The Dangerous Designer Drug "Smiles" Has Reached Connecticut's Streets

25-I's chemical makeup varies from batch to batch.

The designer drug 25-I falls into the same category as bath salts. Though the effects of the drugs vary greatly (bath salts is a stimulant, while 25-I is a hallucinogen), they are both man-made substances with questionable chemical makeups whose origins can be traced to China.

One Connecticut resident, Bill, said that he was sold 25-I as a hallucinogenic replacement for LSD or mushrooms, but that the drug was not as powerful or "fun" as LSD. He said he thought it was cheap and easy to get, but not as desirable as the older drug. He also mistakenly assumed it was legal.

LSD usually sells for around $10 a dose on the street, while you can purchase 10 milligrams of 25-1 for $18.89 on a site like biochemdistribution.co. With a threshold dose of 25-I being 50 micrograms, $18.89 buys the equivalent of 200 25-I doses.

The most troubling difference is 25-I's chemical toxicity. Unlike with LSD, it is possible to suffer a chemical overdose on 25-I.

Both traditional news sites and drug-focused message boards have information regarding 25-I, though the information might not always be reliable. It has been on the United States Internet market since at least early 2012 (and in Europe before that time), but there has been little research into the chemical and its effects.

Many online forums claim that the drug is safe, but Erowid.org includes multiple articles in its archives regarding the chemical toxicity of 25-I. Four of the articles directly link the use of 25-I to untimely death.

One article reads: "2C-I-NBOMe [25-I] is a very new substance, with little known about its pharmacological or behavioral risks. It is extremely difficult to determine [a median lethal dose] for a drug in humans. [Median lethal doses] are only ever experimentally determined in animals, and extrapolations from one species to another for lethal dose are notoriously unreliable. With a new drug like 2C-I-NBOMe, there isn't even animal data."
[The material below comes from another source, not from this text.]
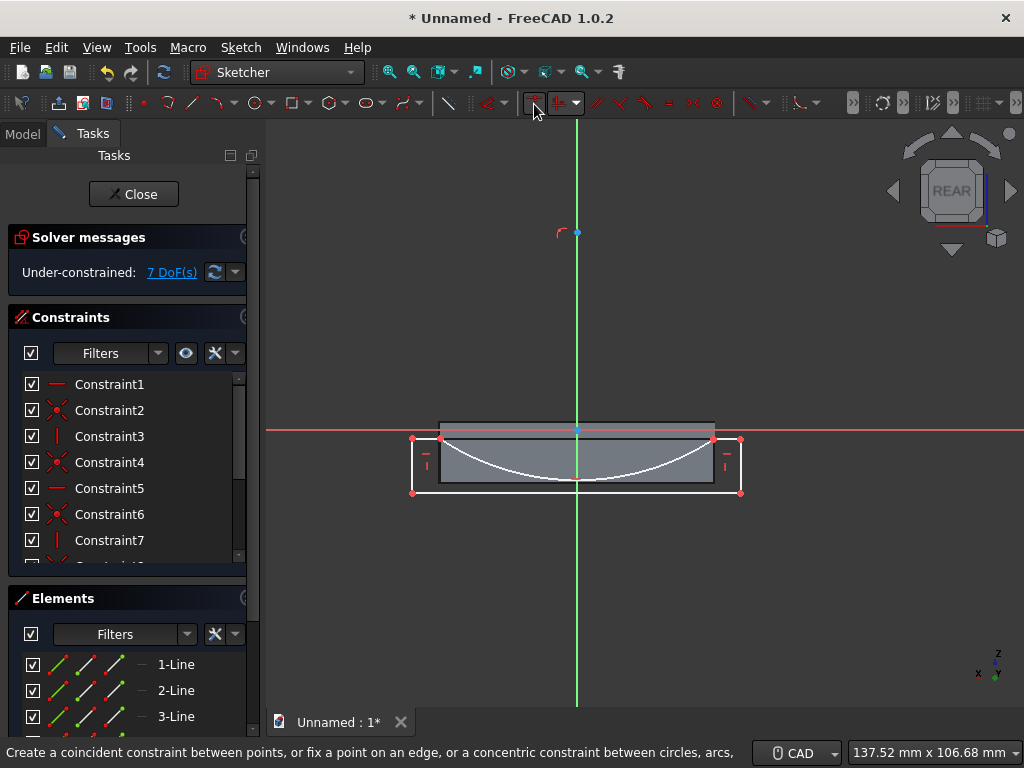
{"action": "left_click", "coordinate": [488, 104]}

One of the cases archived on Erowid.org occurred in February 2012, when the Richmond Ambulance Authority reported to WWBT in Richmond, Va., that they had responded to two cases of 25-I overdoses. Both of these cases, as reported by WWBT, resulted in "bleeding in the brain after overdosing."

Another incident in East Grand Forks, MN, caused the death of 17-year-old Elijah Stai. The case was initially investigated by Lt. Rod Hajicek, of the East Grand Forks Police Department.

Lt. Hajicek said in a recent interview that the drug was ingested by Stai and his friends by placing the drug (which comes in white powder form) into melted chocolate. They then froze the chocolate and shared it.

"Within a couple of hours, Elijah Stai was dead," Lt. Hajicek said. "The official cause of death was massive cerebral edema possibly related to a chemical overdose." This was the same cause of death as reported in Richmond.

The Elijah Stai incident eventually sparked the investigation by Assistant U.S. Attorney Chris Myers in North Dakota, Lt. Hajicek said, which resulted in 19 arrests. The man responsible for distributing the chemicals, Andrew Spofford, is facing a mandatory minimum sentence of 20 years in prison.

Those cases apparently haven't registered with users in Connecticut.

Another Connecticut student, Amy, said that she had taken 25-I once, and has taken LSD in the past. Her experience with 25-I was not like an LSD experience at all, and was instead "accompanied by my throwing up within an hour of taking it, and lots of nausea throughout the evening," she said.

Within the past year, college campuses in Connecticut have begun to experience a steady increase in use of 25-I as a replacement for LSD, according to students at schools in the state.

Despite widespread reports of the chemical's toxicity, drug dealers in Connecticut are certainly not warning their consumers about the possibility of overdosing on 25-I. The users interviewed for this article did not realize that the drug was toxic, or even illegal.

Amanda and Bill at first believed that 25-I was like acid, something that might lead to intense or overwhelming mental states, but that wouldn't result in death.

Amanda told the Advocate that the man who sold her a dose of 25-I gave no warning about the drug's overdose potential. Both Amanda and Bill said they were shocked to hear that 25-I could result in death.